Allen, of the Illinois Department of Nuclear Safety, said results released in the early 1980s showed that there was some uranium contamination at around Building 55. The levels aren’t extremely high, he added, but since the mid-1980s, the state has been working with the U.S. Department of Energy to clean up the 200 or so private sites.

So contrary to the USA Today articles, Allen added, the state was not shocked when the Department of Energy dumped responsibility on their laps in 1995.

Most of the sites are either cleaned up or in the process, Allen said. Blockson/Olin poses some problems, however. For one, he said, it’s difficult to determine how much of the contamination there is from uranium extraction for the government or just the natural process of making trisodium phosphate or, later, fertilizers. The latter is not covered under federal cleanup regulations, he said.

The other problem is getting information from Blockson/Olin, Allen said. He has talked to company officials in Tennessee, and they say Building 55 was torn down three years ago. He said he would be concerned about contamination spreading if the building were torn down before that area were cleaned.

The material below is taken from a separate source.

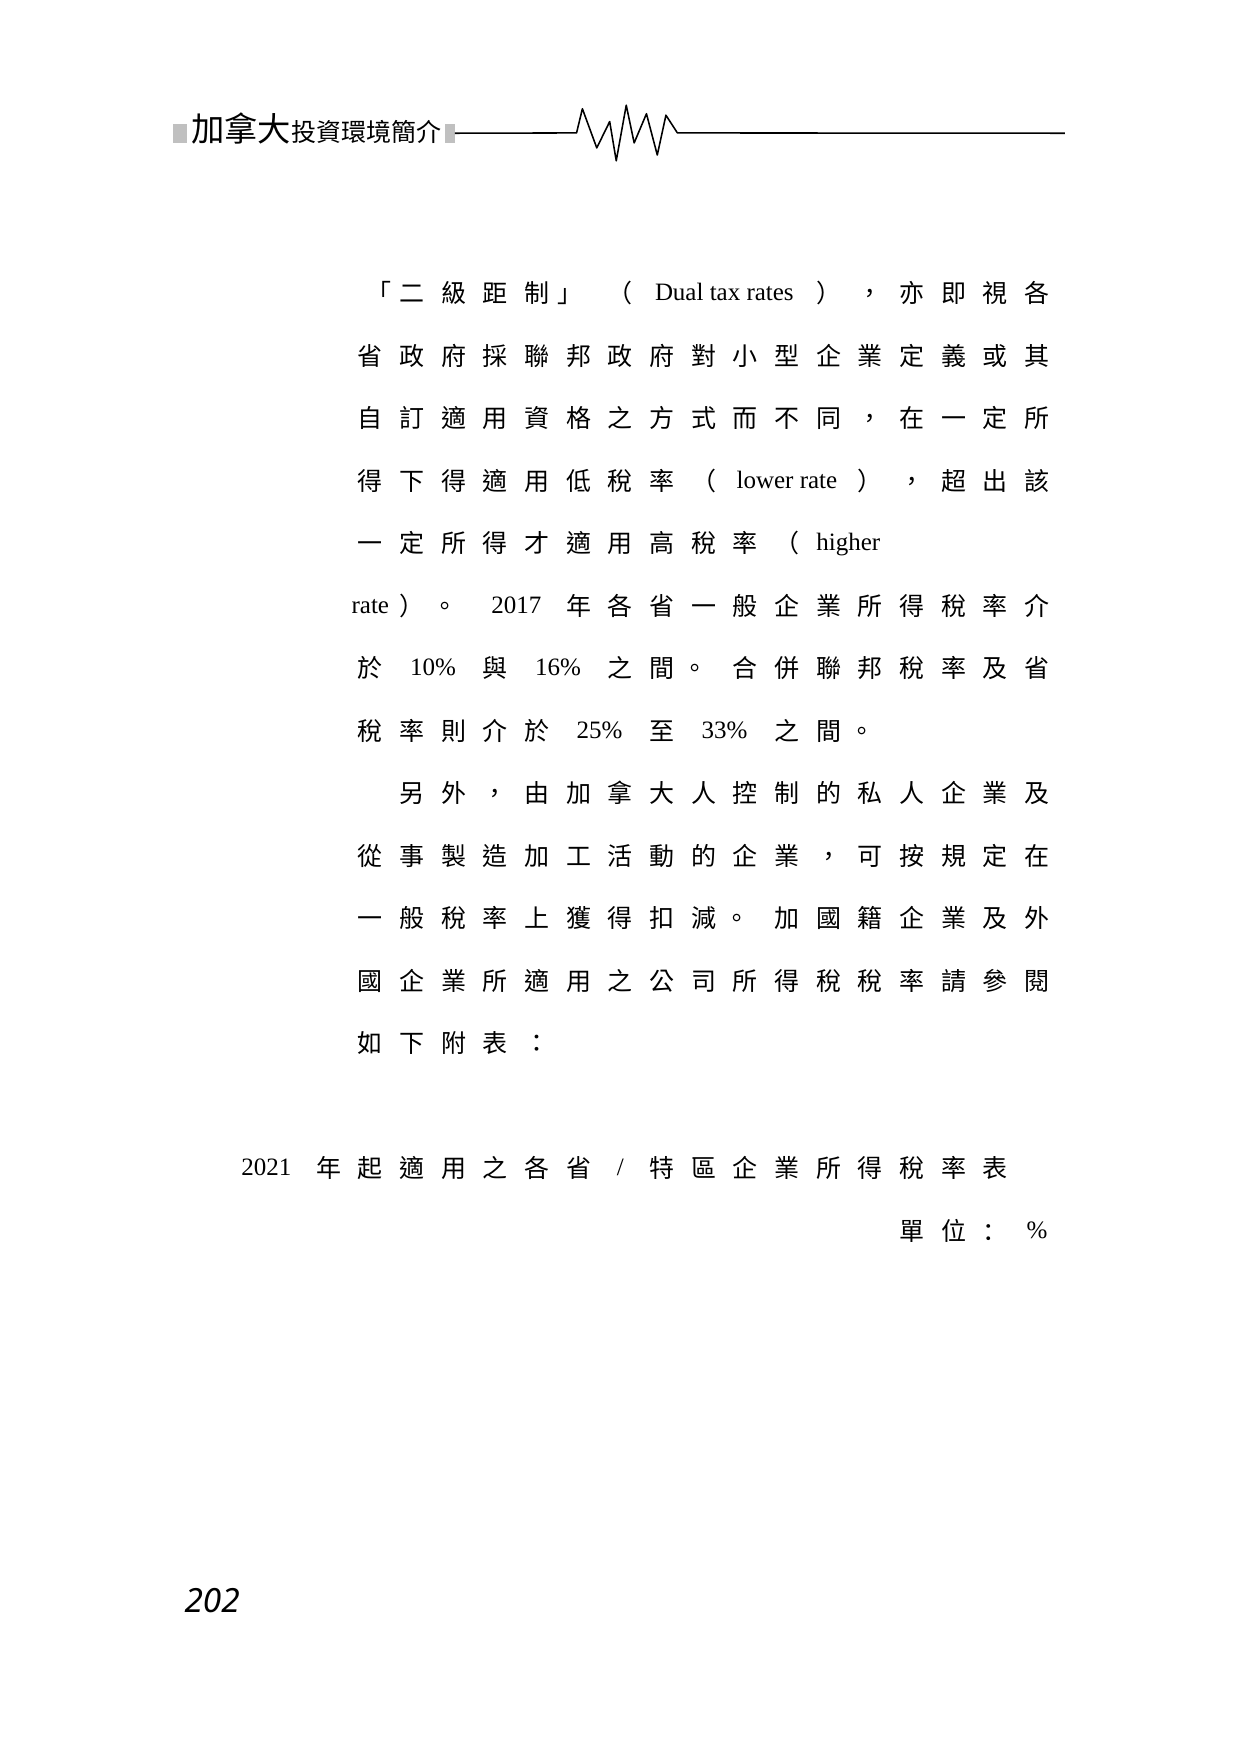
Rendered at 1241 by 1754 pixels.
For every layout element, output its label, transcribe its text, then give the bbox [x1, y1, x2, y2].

Richards said the company tore down the building because they are trying to make the 1,000-acre site more attractive to prospective buyers. Before that was done, Olin’s Richards said, studies were done to determine levels of contamination. He said there was no contamination found.

Allen said he certainly expected a prospective buyer would do an environmental assessment of the Olin property before signing a contract. Meanwhile, he’s waiting for Olin to provide record of the studies done in 1997. Richards said company officials have been having a difficult time finding records of that study, as well as anything to do with the uranium extraction.

Richards at one point said Olin officials believed the uranium extraction had stopped by the time the company took over Blockson in 1955. But the USA Today research, as well as the 1957 Herald News article on Blockson/Olin winning the award for the uranium extraction, seem to refute the company’s claims.

Richards said he also doesn’t know of any former or current employees who have filed claims against the company because of poor protection or other contamination. Allen said it would be very tough to prove anyway.

A Right to Know Act passed in 1986 provides communities know if any dangerous items or materials are being stored or made at a business. And Allen said improved workplace laws address the issue of proper clothing and other safeguards for hazardous materials.

A federal bill, already approved by the U.S. Senate, would provide lifetime medical benefits and at least $200,000 apiece to workers or heirs of employees made sick by exposure to radiation, silica or beryllium in plants doing work for the nuclear weapons program. Ben Fallon, an aide to U.S. Rep. Jerry Weller, R-Morris, said the bill is being held up in the House for an unrelated provision.

Not interested in money

Driscoll, however, says he’s not interested in the money. He has no idea if the cancer his father developed was a result of his 32 years of work for Blockson, some 10 or so in Building 55. A heart attack is what killed his dad at age 80 six years ago. Kurtz’s dad, Vernon, who also worked there more than 30 years, died of lymphoma five years ago at age 75.

Kurtz doesn’t know what to make of any cancer link, either. But he also knows his father-in-law, who drove trains in and out of the Patterson Road site on a regular basis, died of cancer.

Other former and current workers should know what they were put through, Driscoll added, so they can know what their futures might hold.

“I just want people to be aware that they were lied to,” Driscoll said.